Enum zerovec::ZeroVec

#[non_exhaustive]
pub enum ZeroVec<'a, T: ?Sized> where
    T: AsULE,  {
    Owned(Vec<T::ULE>),
    Borrowed(&'a [T::ULE]),
}

A zero-copy vector for fixed-width types.

ZeroVec<T> is designed as a drop-in replacement for Vec<T> in situations where it is desirable to borrow data from an unaligned byte slice, such as zero-copy deserialization.

T must implement AsULE, which is auto-implemented for a number of built-in types, including all fixed-width multibyte integers.

How it Works

ZeroVec<T> represents a slice of T as a slice of T::ULE. The difference between T and T::ULE is that T::ULE must be encoded in little-endian with 1-byte alignment.

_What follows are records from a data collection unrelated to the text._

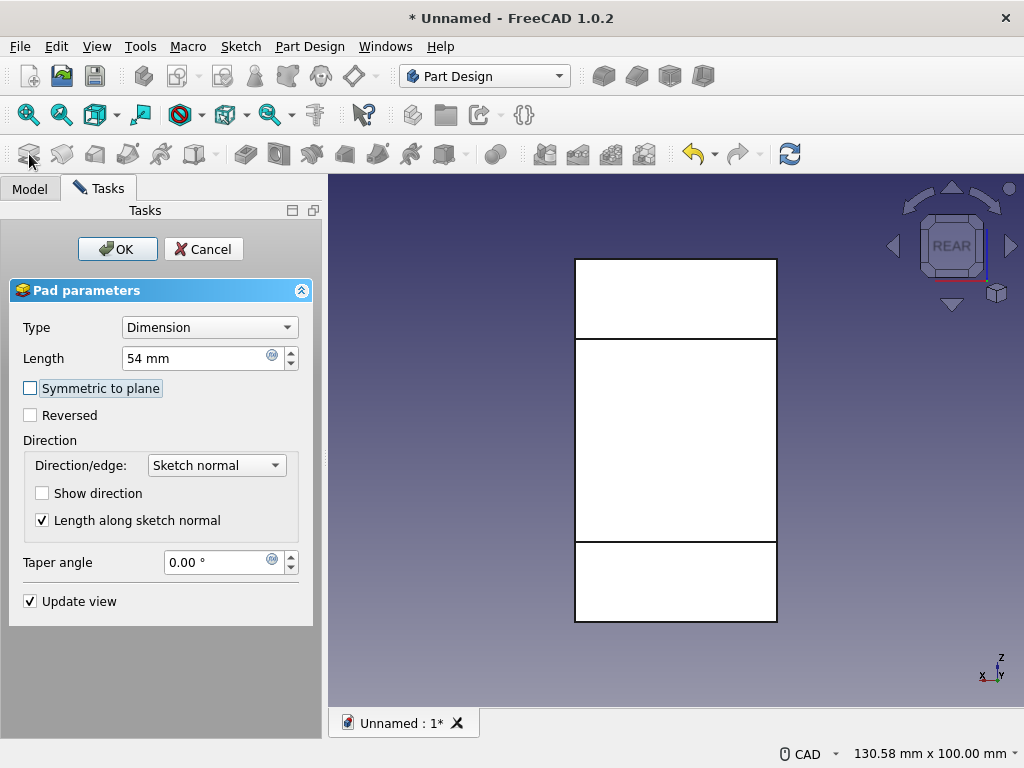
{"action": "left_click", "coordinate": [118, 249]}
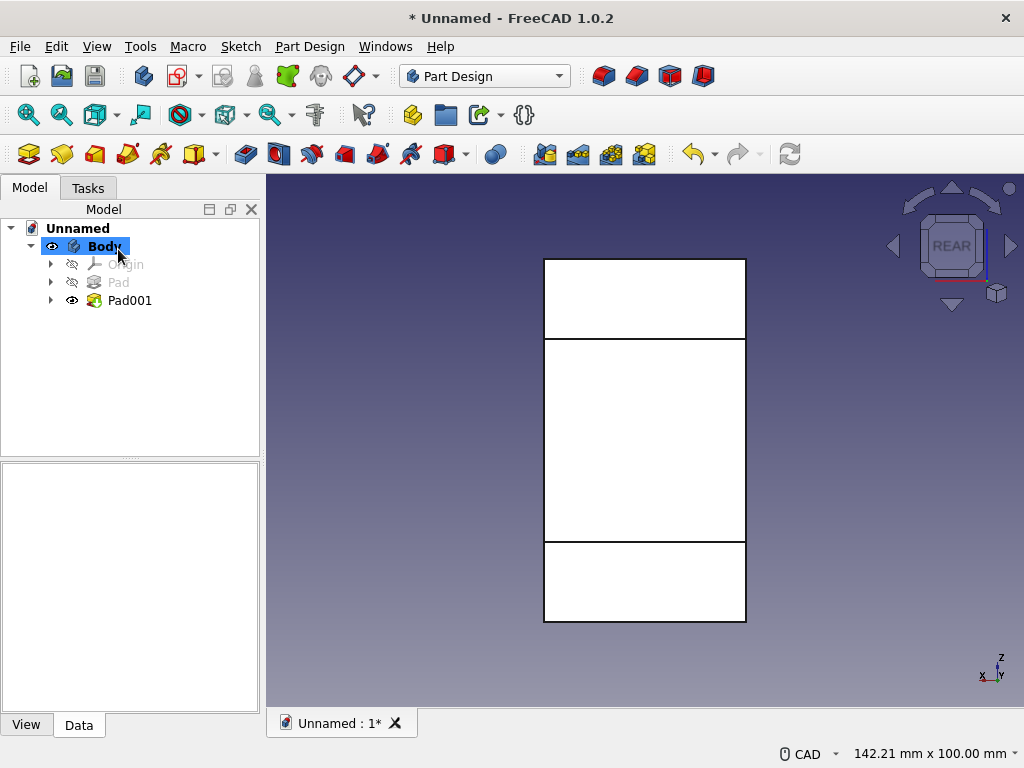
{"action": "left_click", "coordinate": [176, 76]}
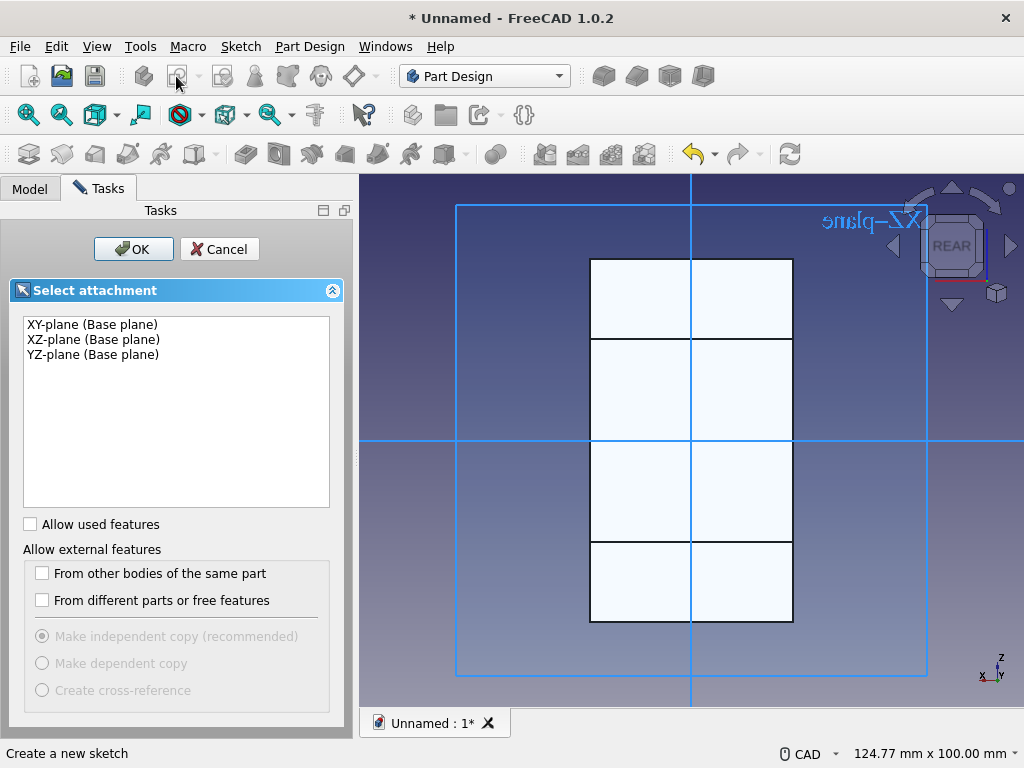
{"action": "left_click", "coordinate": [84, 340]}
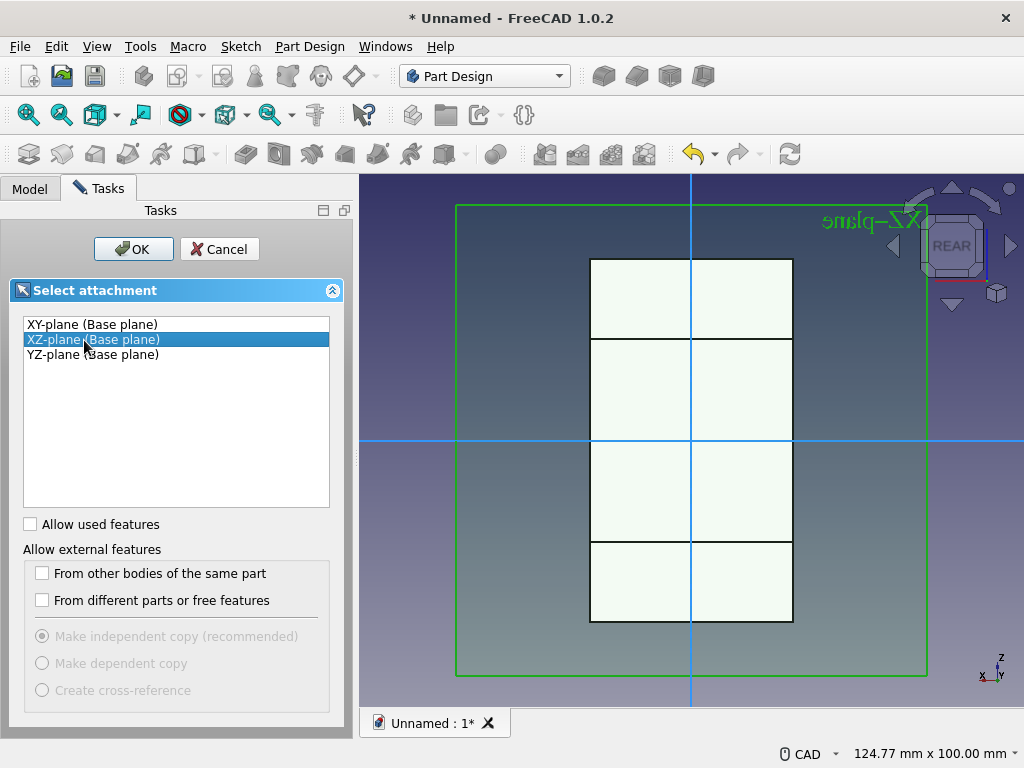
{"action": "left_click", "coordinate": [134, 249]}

When accessing items from ZeroVec<T>, we fetch the T::ULE, convert it on the fly to T, and return T by value.

Benchmarks can be found in the project repository. We found that for common operations on small and large vectors, ZeroVec<T> performs from slightly faster to 15% slower than Vec<T>. However, the main performance improvement on ZeroVec<T> is when deserializing from a byte array; ZeroVec<T> deserializes 80% faster than Vec<T> in Serde Bincode, and it does not require any heap allocations.

Safety

ZeroVec<T> contains no unsafe code. However, the conversion from &[u8] to &[T::ULE] may be unsafe. For more information, see the ule module.

Example

use zerovec::ZeroVec;

// The little-endian bytes correspond to the numbers on the following line.
let bytes: &[u8] = &[0xD3, 0x00, 0x19, 0x01, 0xA5, 0x01, 0xCD, 0x01];
let nums: &[u16] = &[211, 281, 421, 461];

// Conversion from &[u8] to &[u16::ULE] is infallible.
let zerovec: ZeroVec<u16> = ZeroVec::try_from_bytes(bytes).expect("infallible");

assert!(matches!(zerovec, ZeroVec::Borrowed(_)));
assert_eq!(zerovec.get(2), Some(421));
assert_eq!(zerovec, nums);

Variants (Non-exhaustive)

Non-exhaustive enums could have additional variants added in future. Therefore, when matching against variants of non-exhaustive enums, an extra wildcard arm must be added to account for any future variants.

Owned(Vec<T::ULE>)

Borrowed(&'a [T::ULE])

Implementations

impl<'a, T: ?Sized> ZeroVec<'a, T> where
    T: AsULE, 

pub fn try_from_bytes(
    bytes: &'a [u8]
) -> Result<Self, <<T as AsULE>::ULE as ULE>::Error>

Parses a &[u8] buffer into a ZeroVec<T>.

This function is infallible for built-in integer types, but fallible for other types, such as char. For more information, see ULE::parse_byte_slice.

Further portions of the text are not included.